Top of ENTRIES SHOWN
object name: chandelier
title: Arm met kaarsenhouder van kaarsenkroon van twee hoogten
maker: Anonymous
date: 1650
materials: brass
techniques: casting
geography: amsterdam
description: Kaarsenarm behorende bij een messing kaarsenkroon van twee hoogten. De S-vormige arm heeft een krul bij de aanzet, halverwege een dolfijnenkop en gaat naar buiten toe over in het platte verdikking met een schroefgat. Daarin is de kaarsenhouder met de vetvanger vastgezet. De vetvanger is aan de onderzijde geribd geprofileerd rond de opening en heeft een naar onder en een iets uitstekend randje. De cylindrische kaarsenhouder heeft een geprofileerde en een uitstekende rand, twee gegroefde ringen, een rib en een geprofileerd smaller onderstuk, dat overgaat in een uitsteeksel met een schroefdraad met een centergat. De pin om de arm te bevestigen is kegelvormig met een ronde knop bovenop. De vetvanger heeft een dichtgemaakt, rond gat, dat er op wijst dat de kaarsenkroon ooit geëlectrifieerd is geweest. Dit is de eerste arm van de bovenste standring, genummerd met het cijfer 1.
Bottom of ENTRIES SHOWN
■ **REQUIRED ACTION**: Every line of the data above that includes "kaarsenhouder" should be listed.

■ **WRITTEN RESPONSE**:
title: Arm met kaarsenhouder van kaarsenkroon van twee hoogten
description: Kaarsenarm behorende bij een messing kaarsenkroon van twee hoogten. De S-vormige arm heeft een krul bij de aanzet, halverwege een dolfijnenkop en gaat naar buiten toe over in het platte verdikking met een schroefgat. Daarin is de kaarsenhouder met de vetvanger vastgezet. De vetvanger is aan de onderzijde geribd geprofileerd rond de opening en heeft een naar onder en een iets uitstekend randje. De cylindrische kaarsenhouder heeft een geprofileerde en een uitstekende rand, twee gegroefde ringen, een rib en een geprofileerd smaller onderstuk, dat overgaat in een uitsteeksel met een schroefdraad met een centergat. De pin om de arm te bevestigen is kegelvormig met een ronde knop bovenop. De vetvanger heeft een dichtgemaakt, rond gat, dat er op wijst dat de kaarsenkroon ooit geëlectrifieerd is geweest. Dit is de eerste arm van de bovenste standring, genummerd met het cijfer 1.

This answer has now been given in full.